The Fourth Amendment to the U.S. Constitution protects people from unlawful searches and seizures. When it was added to the U.S. Constitution in 1791, it was intended to prevent law enforcement from unreasonably searching you or your home without either probable cause or a search warrant issued by a judge. Pivotal to the issuance of that warrant is the presentation of evidence that a crime has probably occurred. If a DUI charge is based on the analysis of a blood draw to establish a driver’s blood alcohol concentration, a quality DUI attorney will want to examine the circumstances surrounding that draw. That’s because evidence seized in violation of Fourth Amendment protections is generally inadmissible in court.
Will that be Breath or Blood?
When a driver has been taken into custody on a suspected DUI, he or she will be given a choice.

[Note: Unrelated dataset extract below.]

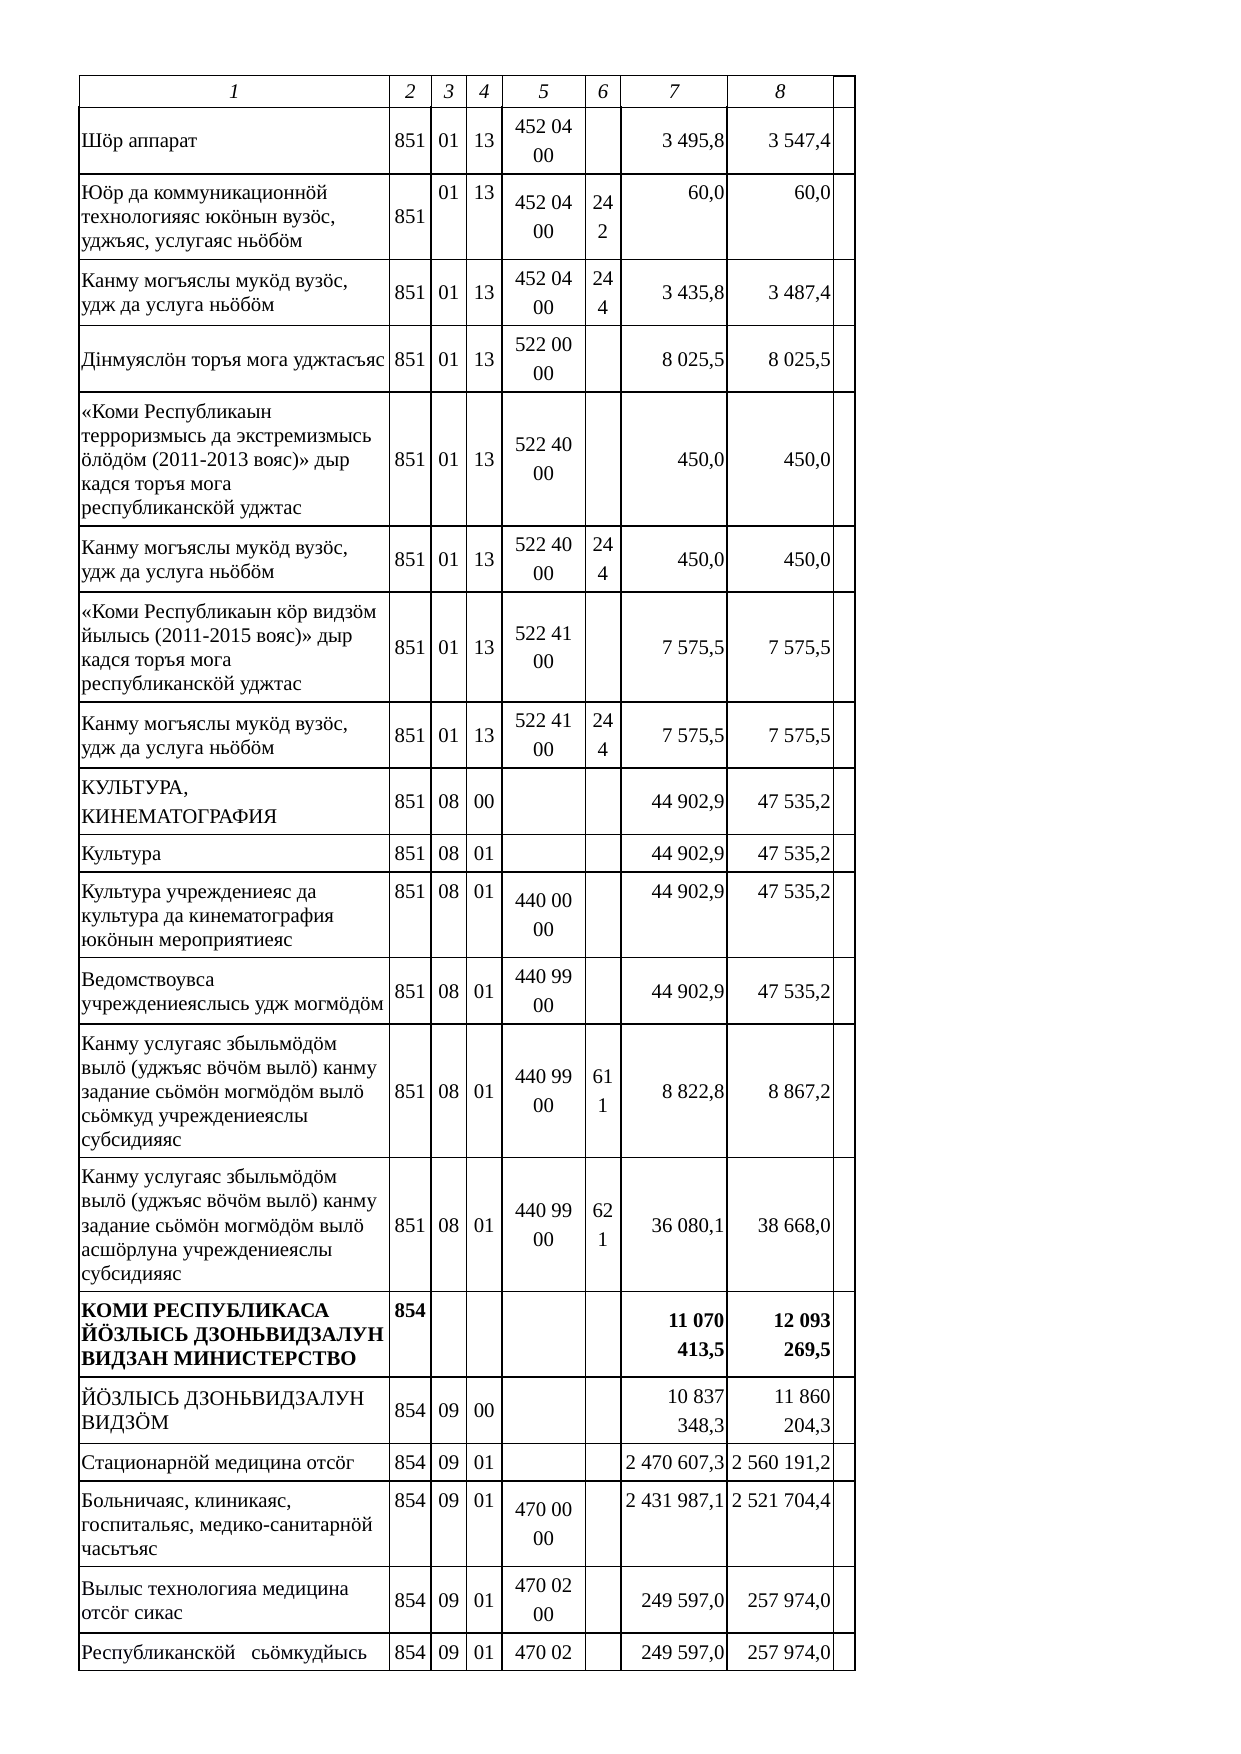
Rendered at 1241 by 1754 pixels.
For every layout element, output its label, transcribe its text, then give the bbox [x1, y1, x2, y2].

The driver can either consent to breath testing or blood testing. What comes to issue is that the driver can refuse either type of testing without criminal consequences. That puts the ball in law enforcement’s court with the 24 second clock ticking because a search warrant must be obtained. That’s likely to take two hours at an absolute minimum for a traditional paper warrant. During that interim, any alcohol that a suspect might have consumed is being metabolized, and his or her blood alcohol concentration is going to be decreasing. A DUI suspect’s blood alcohol concentration might be below the statutory .08 limit by the time that a search warrant is issued and blood is drawn. Conversely, the suspect’s DUI attorney could argue that he or she only consumed three or four drinks over three hours, and a .08 or even a .10 blood alcohol concentration at the time of the blood draw was actually the culmination of that alcohol consumption more than two hours after being behind the wheel. With e-warrants, that delay is reduced to minutes.
Electronic warrants reduce the time for obtaining a search warrant for a blood test of a suspected DUI driver to minutes. When California passed its e-warrant law, police and prosecutors called that a huge win for the public. The police officer emails the judge, and the judge emails the officer a warrant back. What comes to issue with e-warrants is that a police officer isn’t personally standing in front of a judge and raising his or her right hand, stating purported facts and swearing to them, especially when that judge has had issues about the officer’s truthful testimony in the past. A quality DUI attorney will examine all of the facts surrounding a blood draw search warrant and protect a client’s Fourth Amendment rights.